The last few years have seen dramatic growth in the world of cryptocurrency, with new platforms and currencies appearing all the time. Despite changing trends and newcomers in the market, the originator, Bitcoin, remains the most valuable decentralized cryptocurrency by far. But as its value grows, does the same apply to the process of obtaining it? Is Bitcoin mining profitable these days?
Yes, mining Bitcoin is profitable in 2021, but there are barriers to access. It requires technical knowledge that often discourages new miners from attempting to build their own Bitcoin mining PC. Even so, mining continues to grow in scale and efficiency, which means there are new ways to earn Bitcoin such as yield farming, which leverages existing crypto assets to generate a return.
We’ve put together an update on the state of Bitcoin profitability, cryptocurrency, and blockchain industry trends to help you get started. We’ll also provide some tips on how to make money with cryptocurrency and what it takes to build a PC mining rig.
A short history of Bitcoin
Launched in 2009 by “Satoshi Nakamoto,” whose identity remains unknown, Bitcoin was the first cryptocurrency to scale. In the years since, it has risen to prominence through high-security blockchain technology to provide an open-source alternative to institutional currencies, like U.S. dollars and British pounds, which are backed by banks or governments. Bitcoin has maintained its status as the dominant cryptocurrency in spite of other cryptocurrency entries into the market.
The years 2018 and 2019 were slower – this was the so-called “crypto winter” – but the industry saw major gains in 2020 and 2021. For instance, a bull market through the end of 2020 led to a first-ever global cryptocurrency valuation of $1,000,000,000,000 in early January 2021 – yes, that’s $1 trillion.
What are the major factors driving Bitcoin’s growth?
Bitcoin, and the overall world of cryptocurrency, is operating on a stronger foundation than ever. Longtime investors and miners who followed early cryptocurrency trends and held onto their assets have reaped huge rewards many times over. Here we’ll discuss the 3 main factors driving Bitcoin’s recent and long-term growth.
1. Public awareness and acceptance
As the first cryptocurrency to hit the market, Bitcoin wasn’t embraced or even well-known in its early stages. But as the years pass, the rise in public awareness is pushing Bitcoin’s growth. This includes acceptance from both individual bitcoin miners and investors, as well as larger financial entities.
As Forbes reports, even major financial institutions are starting to engage with Bitcoin, as demonstrated by a massive rise in CME contracts for Bitcoin futures. According to Forbes, this “kind of growth is more than three times the heady 425% increase in Bitcoin’s price over the last year and a further representation of the unprecedented level of demand for exposure to the asset class among institutional investors.”

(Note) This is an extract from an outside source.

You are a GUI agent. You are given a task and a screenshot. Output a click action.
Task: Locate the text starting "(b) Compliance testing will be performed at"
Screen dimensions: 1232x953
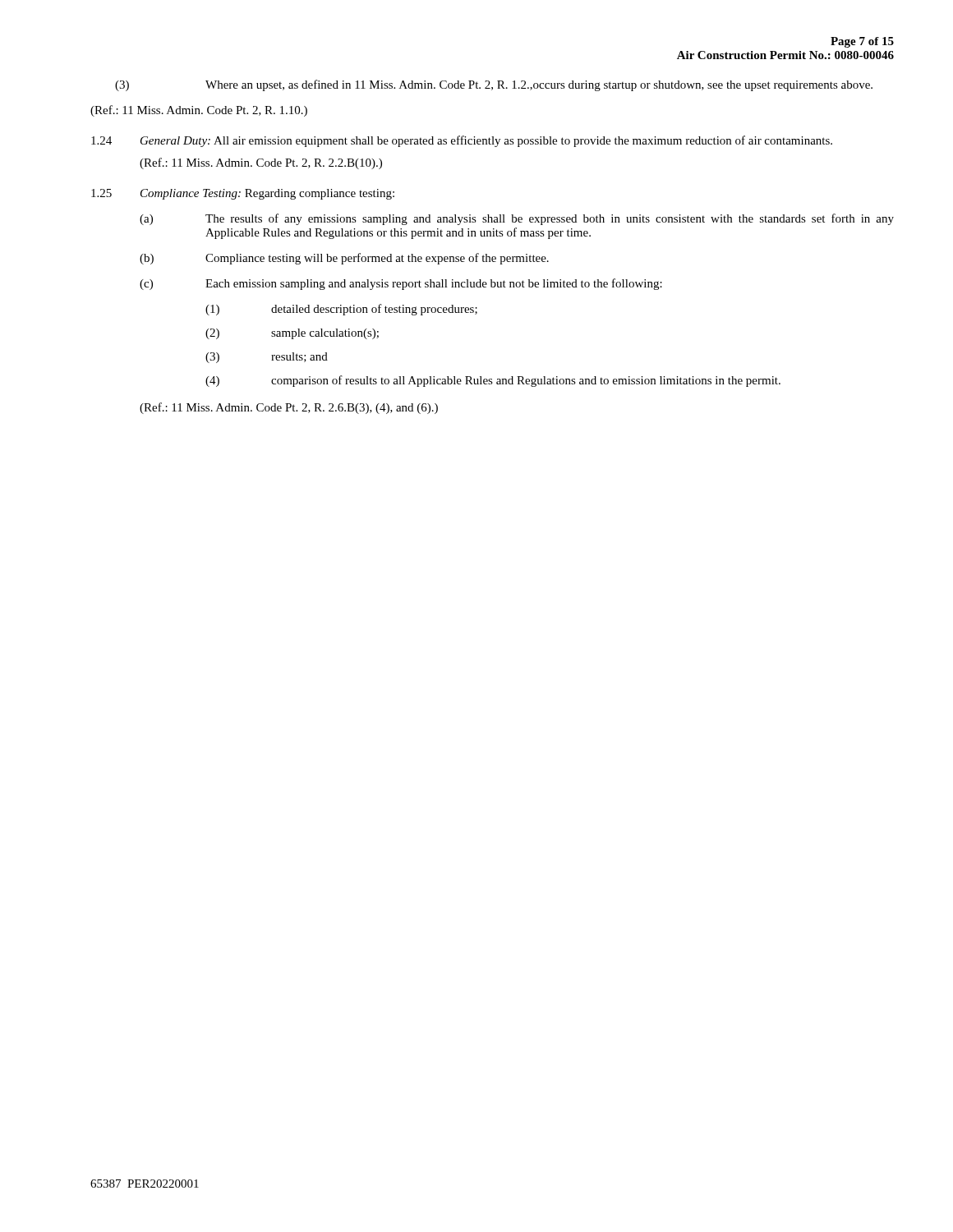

It looks like this trend will only continue, with Morgan Stanley recently becoming the first major bank to allow wealthy clients the ability to invest in bitcoin funds. That’s only a few days after Bitcoin broke a new record valuation of $60,000 per unit.
2. Limited supply of Bitcoin
Bitcoin and (certain other cryptocurrencies) ostensibly exist in a finite supply. So, as time passes and more people accumulate cryptocurrencies, miners are hunting for an increasingly small number of bitcoins. To facilitate growth and reduce inflation, most cryptocurrencies periodically go through what’s called a “halving” process.
In essence, this doubles the number of remaining bitcoins left to mine, but it also reduces the value of each bitcoin. For example, after a halving event – they occur about every 4 years – anyone with 2 bitcoin in their bitcoin wallet would have 4. In more technical terms, halving takes place whenever 210,000 blocks are created. Given that there is a limited number of bitcoin, however, there will only ever be 32 halvings ever. You can see a countdown to the next halving here.
3. Processing power and profitability
The biggest associated Bitcoin mining cost is the energy you consume in the process, whether it’s with a single rig or as part of a larger crypto farm. The industry’s overall energy impact has traditionally been an easy way to gauge growth, and The Guardian reported that it had become equivalent to the annual carbon footprint of Argentina. Their data is sourced from the Cambridge Bitcoin Electricity Consumption Index, where you can find up-to-the-minute information about the energy impact associated with mining.